I put a lot more stock in what the provincial leaders who pushed Trudeau to include section 33 into the Charter.  Hint, Ontario was not one of them so I am also not particularly moved by what someone from that province had to say on the issue ;)

The premiers from Alberta and BC who led the provincial efforts from the Western provinces to include s. 33 assumed it would often be used.  Here is an article about Lougheed's contribution, and also the unintended consequences of the inclusion of section 33.

https://ablawg.ca/2012/09/24/peter-lougheed-and-the-constitution-notwithstanding/

I guess you are also 'not particularly moved' by the article you cited yourself!  :lol:

QuoteSection 33 may not have been used as often as Peter Lougheed and the other Gang of Eight premiers expected when they advocated the inclusion of this provision in the Charter.  And they may not have foreseen that it would underpin the courts' view of their strong role in reviewing legislation for compliance with the Charter to the extent that it has.  Some might argue that, in spite of allegations of judicial activism, the courts have been rather timid in giving Charter rights their full force (particularly redistributive / social and economic rights), so that governments have not found the need to resort to section 33 very often.  Others might say that the deployment of section 33 powers would be politically risky, although if used rarely, such a deployment might also provide an important opportunity for public debate on contentious issues (see Hogg, supra, section 39.8).  Another view is that if governments are not using section 33 to the extent they could, it may be because the Charter is exerting a strong normative force on law making, regardless of the power to opt out of some sections (for an example of this sort of argument see John Whyte, "Sometimes Constitutions are made in the Streets: the Future of the Charter's Notwithstanding Clause" (2007) 16 Constitutional Forum 79).

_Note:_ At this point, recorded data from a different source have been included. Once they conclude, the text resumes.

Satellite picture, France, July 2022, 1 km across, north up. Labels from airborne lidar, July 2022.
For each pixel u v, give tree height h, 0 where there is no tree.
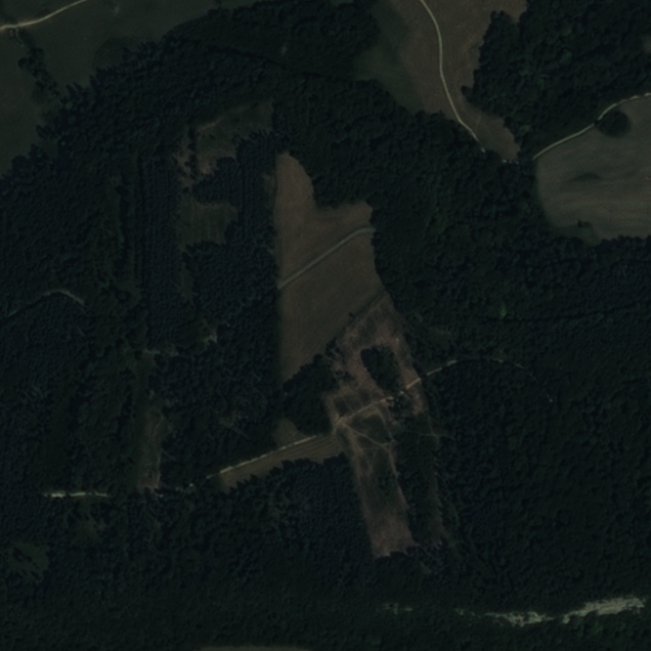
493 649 33
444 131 7
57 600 24
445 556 25
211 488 24
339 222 0
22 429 26
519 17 0
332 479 25
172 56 23
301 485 26
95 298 28
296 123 18
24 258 22
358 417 0
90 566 26
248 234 24
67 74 0
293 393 21
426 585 18
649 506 28
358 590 15
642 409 15
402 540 0
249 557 21
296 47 11
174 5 0
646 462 26
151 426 0
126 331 18
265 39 11
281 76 24
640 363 24
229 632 20
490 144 0
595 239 0
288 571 28
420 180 21
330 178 27
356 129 37
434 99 0
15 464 27
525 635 22
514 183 27
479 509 20
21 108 0
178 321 30
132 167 17
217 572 26
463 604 9
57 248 19
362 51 17
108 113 23
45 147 0
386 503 0
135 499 22
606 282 27
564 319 30
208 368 26
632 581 18
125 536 26
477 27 0
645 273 25
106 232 7
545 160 0
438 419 28
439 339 0
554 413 31
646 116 0
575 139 0
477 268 44
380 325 0
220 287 25
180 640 33
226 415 27
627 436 32
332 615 10
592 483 31
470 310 24
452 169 29
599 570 23
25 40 6
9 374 27
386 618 6
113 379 36
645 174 0
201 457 32
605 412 27
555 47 21
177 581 25
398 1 0
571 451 31
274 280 30
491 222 38
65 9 0
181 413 21
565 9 36
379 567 23
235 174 23
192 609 18
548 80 32
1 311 19
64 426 12
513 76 31
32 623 28
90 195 32
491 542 13
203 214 0
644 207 0
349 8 18
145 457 0
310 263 0
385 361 29
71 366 13
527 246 30
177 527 28
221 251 27
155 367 0
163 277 32
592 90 22
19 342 22
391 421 0
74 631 16
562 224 0
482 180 26
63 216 24
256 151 24
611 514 31
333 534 22
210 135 0
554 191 0
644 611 10
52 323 21
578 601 9
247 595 17
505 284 37
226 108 20
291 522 23
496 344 17
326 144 36
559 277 35
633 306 29
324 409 28
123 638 24
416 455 11
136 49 0
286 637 24
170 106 16
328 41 23
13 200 30
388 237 20
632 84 22
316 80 30
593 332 31
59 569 28
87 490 31
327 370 15
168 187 24
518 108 19
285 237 0
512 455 19
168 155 21
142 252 6
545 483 31
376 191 16
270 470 0
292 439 0
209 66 31
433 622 17
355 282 0
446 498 21
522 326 29
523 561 26
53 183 33
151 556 27
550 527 25
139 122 21
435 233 30
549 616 22
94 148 25
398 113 34
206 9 0
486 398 22
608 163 0
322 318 0
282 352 0
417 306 32
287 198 0
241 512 14
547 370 24
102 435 34
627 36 32
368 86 23
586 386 25
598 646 34
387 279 23
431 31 0
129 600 23
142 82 18
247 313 26
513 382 21
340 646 30
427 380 28
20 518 25

... which is exactly the thesis here.

The question: what prevents provinces from using the clause routinely?

The answer: the political pain the governments of those provinces will suffer, in being seen to breach the 'normative' position that Charter rights and freedoms are not to be abrogated.

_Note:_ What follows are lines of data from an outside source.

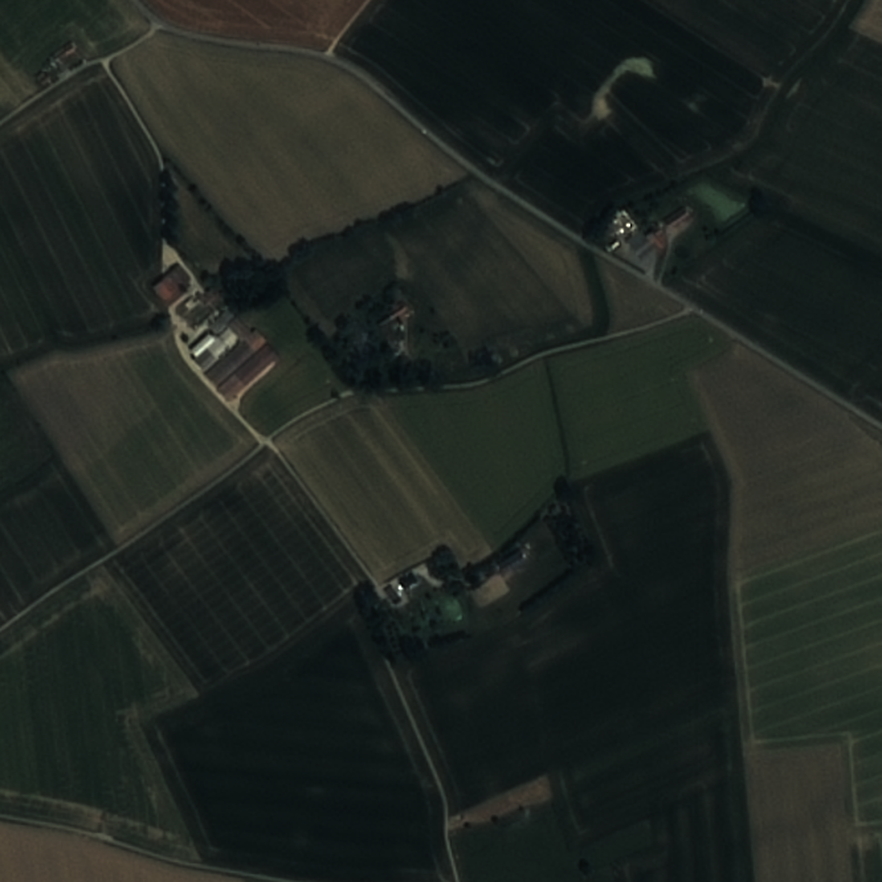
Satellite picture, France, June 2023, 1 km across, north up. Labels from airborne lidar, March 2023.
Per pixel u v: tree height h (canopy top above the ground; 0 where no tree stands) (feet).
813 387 0
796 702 0
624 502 0
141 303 0
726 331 0
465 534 0
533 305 0
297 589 0
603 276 0
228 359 0
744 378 0
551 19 0
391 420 0
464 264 0
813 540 0
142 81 0
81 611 0
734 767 0
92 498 0
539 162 0
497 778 0
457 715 0
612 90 0
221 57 0
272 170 0
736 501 0
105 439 0
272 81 0
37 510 0
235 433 0
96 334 0
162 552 0
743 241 0
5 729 0
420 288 0
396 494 0
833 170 0
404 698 0
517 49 0
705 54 0
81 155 0
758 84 0
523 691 0
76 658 0
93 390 0
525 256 0
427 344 0
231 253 0
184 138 0
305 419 0
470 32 0
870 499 0
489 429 0
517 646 0
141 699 0
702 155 0
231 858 0
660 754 0
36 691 0
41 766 0
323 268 0
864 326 0
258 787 0
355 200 0
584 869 38
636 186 0
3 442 0
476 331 0
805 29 0
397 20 0
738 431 0
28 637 0
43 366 0
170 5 0
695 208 0
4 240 0
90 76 0
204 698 0
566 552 29
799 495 0
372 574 0
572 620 0
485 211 0
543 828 0
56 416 0
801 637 0
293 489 0
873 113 0
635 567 0
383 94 0
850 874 0
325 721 0
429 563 18
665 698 0
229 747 0
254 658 0
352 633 0
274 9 0
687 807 0
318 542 0
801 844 0
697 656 0
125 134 0
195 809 0
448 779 0
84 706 0
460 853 0
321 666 0
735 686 0
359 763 0
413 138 0
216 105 0
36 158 0
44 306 0
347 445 0
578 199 0
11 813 0
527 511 0
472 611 0
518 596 0
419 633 30
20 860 0
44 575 0
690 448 0
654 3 0
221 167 0
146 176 0
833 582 0
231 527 0
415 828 0
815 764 0
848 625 0
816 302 0
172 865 0
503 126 0
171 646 0
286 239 0
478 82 0
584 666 0
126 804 0
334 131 0
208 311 0
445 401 0
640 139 0
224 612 0
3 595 0
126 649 0
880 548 0
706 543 0
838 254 0
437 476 0
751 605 0
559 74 0
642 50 0
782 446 0
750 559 0
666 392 0
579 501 0
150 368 0
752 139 0
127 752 0
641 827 0
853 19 0
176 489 0
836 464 0
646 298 0
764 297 0
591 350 0
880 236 0
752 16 0
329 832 0
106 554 0
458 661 0
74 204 0
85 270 0
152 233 0
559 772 0
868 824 0
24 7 0
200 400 0
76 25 0
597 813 0
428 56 0
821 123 0
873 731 0
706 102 0
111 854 0
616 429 0
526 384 0
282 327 0
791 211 0
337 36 0
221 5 0
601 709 0
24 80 0

The question: is relying on this normative force an import from the US or a modern development?

The answer: not at all. Plenty of those involved at the time the clause was being negotiated pointed this exact situation out. They relied on this to prevent "abuse".

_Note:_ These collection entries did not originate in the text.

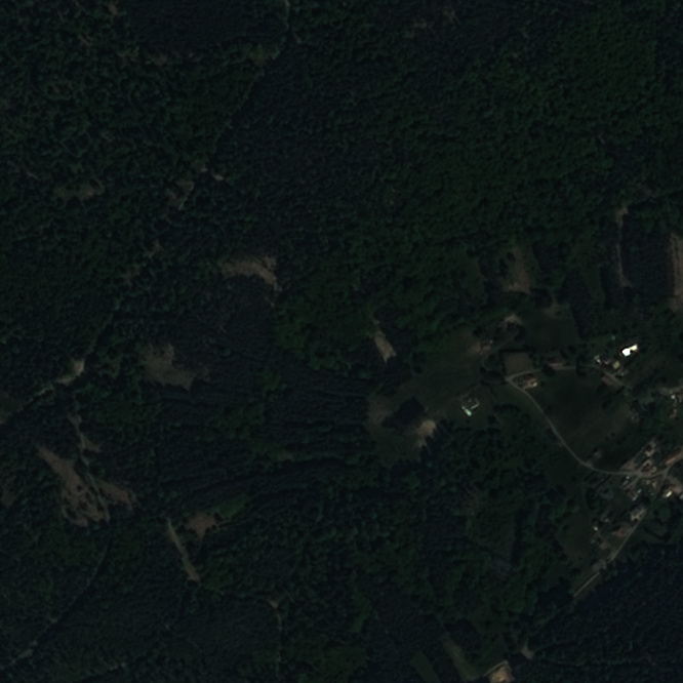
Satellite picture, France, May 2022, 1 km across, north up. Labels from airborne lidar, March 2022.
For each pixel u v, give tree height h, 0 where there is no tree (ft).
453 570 93
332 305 76
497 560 80
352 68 82
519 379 0
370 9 73
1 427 0
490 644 22
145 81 23
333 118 68
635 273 91
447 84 75
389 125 55
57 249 61
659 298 82
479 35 73
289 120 42
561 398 0
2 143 91
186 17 74
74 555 52
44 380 53
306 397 103
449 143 77
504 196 79
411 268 75
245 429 73
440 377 0
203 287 82
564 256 95
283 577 56
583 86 69
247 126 53
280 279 74
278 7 29
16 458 73
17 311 61
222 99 78
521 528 76
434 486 108
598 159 92
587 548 0
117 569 65
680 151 65
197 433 77
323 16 76
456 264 40
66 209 60
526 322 0
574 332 0
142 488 84
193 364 83
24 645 47
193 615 66
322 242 76
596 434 0
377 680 102
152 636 75
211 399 66
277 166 70
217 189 94
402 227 80
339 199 66
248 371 81
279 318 71
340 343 109
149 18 45
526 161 69
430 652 92
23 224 74
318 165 85
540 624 31
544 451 18
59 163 47
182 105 90
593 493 45
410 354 28
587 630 80
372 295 93
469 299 82
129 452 90
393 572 107
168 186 111
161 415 79
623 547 0
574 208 80
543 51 79
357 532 81
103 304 70
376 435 0
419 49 72
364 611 119
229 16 85
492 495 67
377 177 56
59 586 47
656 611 96
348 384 96
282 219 81
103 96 95
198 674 80
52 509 65
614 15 72
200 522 0
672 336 34
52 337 71
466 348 0
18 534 48
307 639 44
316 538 80
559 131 72
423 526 98
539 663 41
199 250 105
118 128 41
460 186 70
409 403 0
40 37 92
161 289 88
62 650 20

The conclusion: giving provincial governments grief for invoking the clause is not some un-Canadian imported position taken in ignorance of the Charter's meaning; on the contrary, this is exactly what we, as Canadians interested in the Rule of Law, ought to be doing. If the use of the clause is justified, then let it be justified on its merits.   
The object of life is not to be on the side of the majority, but to escape finding oneself in the ranks of the insane—Marcus Aurelius

crazy canuck

Oh for fuck sakes Malthus, read the first sentence of the paragraph you quoted.

Section 33 may not have been used as often as Peter Lougheed and the other Gang of Eight premiers expected when they advocated the inclusion of this provision in the Charter....


Its like you have a Ontario centric hood on that prevents you from seeing this issue from another perspective.